Multi-OMICs analysis on tridimensional fibroblast spheroids to model vascular Ehlers-Danlos syndrome pathogenesis.

Three-dimensional (3D) spheroids are an innovative cellular model mimicking tissue-like properties for a more effective replication of physiological cellular environment. Vascular Ehlers-Danlos syndrome (vEDS) is a rare hereditary connective tissue disorder caused by heterozygous deleterious variants in COL3A1. Affected individuals are at increased risk of early death due to ruptures of arteries, large intestine, and gravid uterus. vEDS cellular pathogenesis is only partially understood and the disease remains without effective treatment. We integrated transcriptomic and proteomic data generated from 2D fibroblast cultures and 3D spheroids from ten patients and four controls. Transcriptomic analysis revealed upregulation of genes related to mitochondrial function, organellar ribosomal subunits, and biosynthesis processes, to indicate an augmented adaptive metabolic response, while downregulation of genes involved in cell migration, differentiation, and stress response highlighted abnormalities in cellular signaling and extracellular matrix maintenance. Proteomic analysis found that induced proteins were significantly enriched for the mitochondrial matrix and minichromosome maintenance complex as well as in biological processes involving low-density lipoprotein particles, and cellular response to catabolic processes and DNA damage stimuli.
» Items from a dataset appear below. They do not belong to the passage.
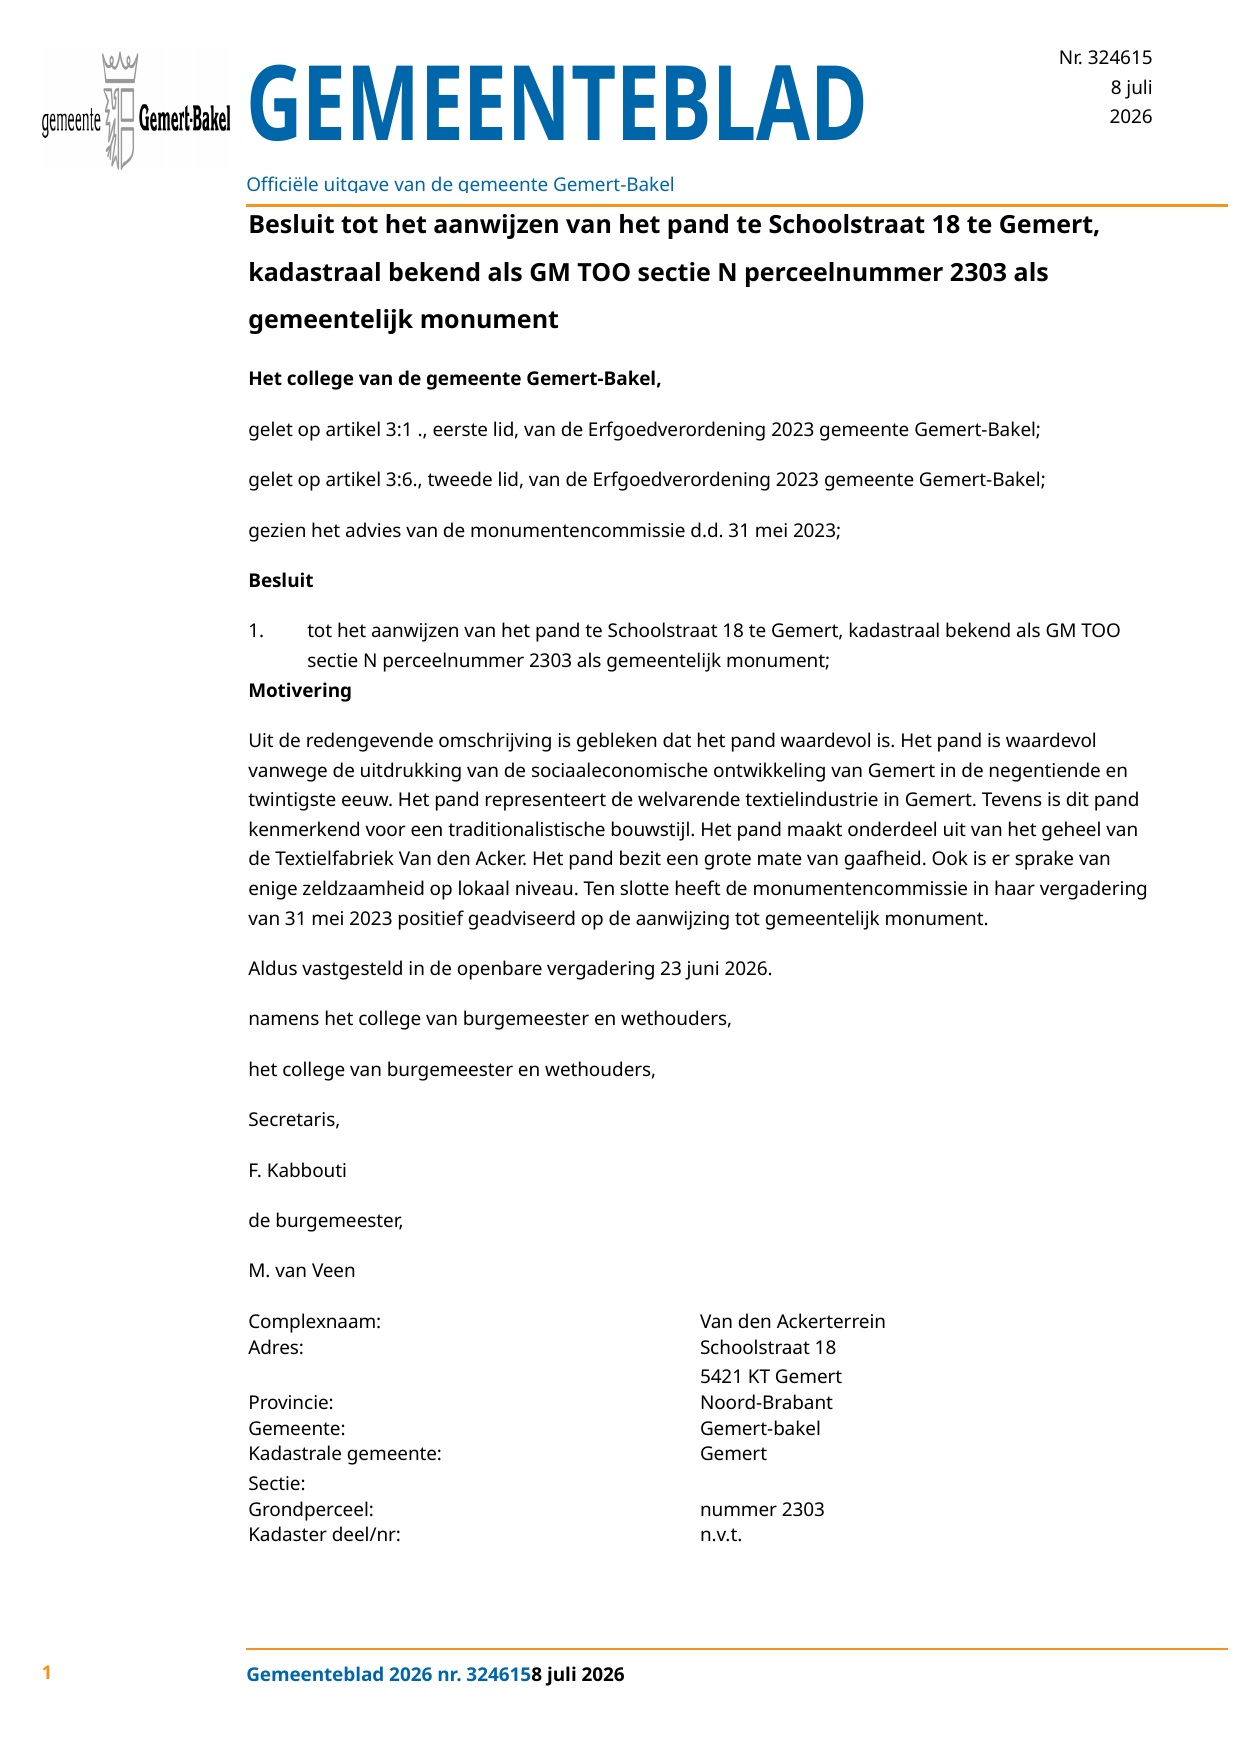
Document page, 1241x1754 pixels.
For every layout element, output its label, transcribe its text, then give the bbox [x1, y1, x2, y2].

text Motivering [248, 677, 1152, 702]
text M. van Veen [248, 1258, 1152, 1283]
text Besluit [248, 567, 1152, 593]
text gelet op artikel 3:1 ., eerste lid, van de Erfgoedverordening 2023 gemeente Gemert-Bakel; [248, 416, 1152, 442]
text F. Kabbouti [248, 1157, 1152, 1182]
table_cell Adres: [248, 1334, 700, 1389]
text Besluit tot het aanwijzen van het pand te Schoolstraat 18 te Gemert, kadastraal bekend als GM TOO sectie N perceelnummer 2303 als gemeentelijk monument [248, 207, 1152, 336]
table_cell Kadastrale gemeente: Sectie: [248, 1441, 700, 1496]
text Secretaris, [248, 1106, 1152, 1132]
text het college van burgemeester en wethouders, [248, 1056, 1152, 1082]
text Uit de redengevende omschrijving is gebleken dat het pand waardevol is. Het pand is waardevol vanwege de uitdrukking van de sociaaleconomische ontwikkeling van Gemert in de negentiende en twintigste eeuw. Het pand representeert de welvarende textielindustrie in Gemert. Tevens is dit pand kenmerkend voor een traditionalistische bouwstijl. Het pand maakt onderdeel uit van het geheel van de Textielfabriek Van den Acker. Het pand bezit een grote mate van gaafheid. Ook is er sprake van enige zeldzaamheid op lokaal niveau. Ten slotte heeft de monumentencommissie in haar vergadering van 31 mei 2023 positief geadviseerd op de aanwijzing tot gemeentelijk monument. [248, 727, 1152, 930]
picture [41, 47, 231, 172]
table_header Complexnaam: [248, 1308, 700, 1334]
text Het college van de gemeente Gemert-Bakel, [248, 366, 1152, 391]
table_cell Noord-Brabant [700, 1389, 1152, 1415]
text gezien het advies van de monumentencommissie d.d. 31 mei 2023; [248, 517, 1152, 542]
table_cell Gemert-bakel [700, 1415, 1152, 1441]
table_cell nummer 2303 [700, 1496, 1152, 1522]
table_cell Kadaster deel/nr: [248, 1522, 700, 1547]
table_cell Gemeente: [248, 1415, 700, 1441]
table_cell Provincie: [248, 1389, 700, 1415]
table_cell Schoolstraat 18 5421 KT Gemert [700, 1334, 1152, 1389]
table_cell Gemert [700, 1441, 1152, 1496]
list tot het aanwijzen van het pand te Schoolstraat 18 te Gemert, kadastraal bekend als GM TOO sectie N perceelnummer 2303 als gemeentelijk monument; [248, 618, 1152, 673]
table_cell n.v.t. [700, 1522, 1152, 1547]
table_header Van den Ackerterrein [700, 1308, 1152, 1334]
text Aldus vastgesteld in de openbare vergadering 23 juni 2026. [248, 955, 1152, 981]
text gelet op artikel 3:6., tweede lid, van de Erfgoedverordening 2023 gemeente Gemert-Bakel; [248, 466, 1152, 492]
text namens het college van burgemeester en wethouders, [248, 1006, 1152, 1031]
table_cell Grondperceel: [248, 1496, 700, 1522]
text de burgemeester, [248, 1207, 1152, 1233]

Ultrastructural analysis and high-content imaging documented an endoplasmic reticulum dilation, increased autophagosomes and lipofuscin deposits. Our findings expand current knowledge on the multi-OMIC profile of vEDS by highlighting potential convergent mechanisms and novel features acting as master regulators of the emerging phenotype. This study supports, for the first time, 3D fibroblast spheroids as a suitable experimental tool to dissect vEDS pathogenesis and a crucial model for identifying new therapeutic targets.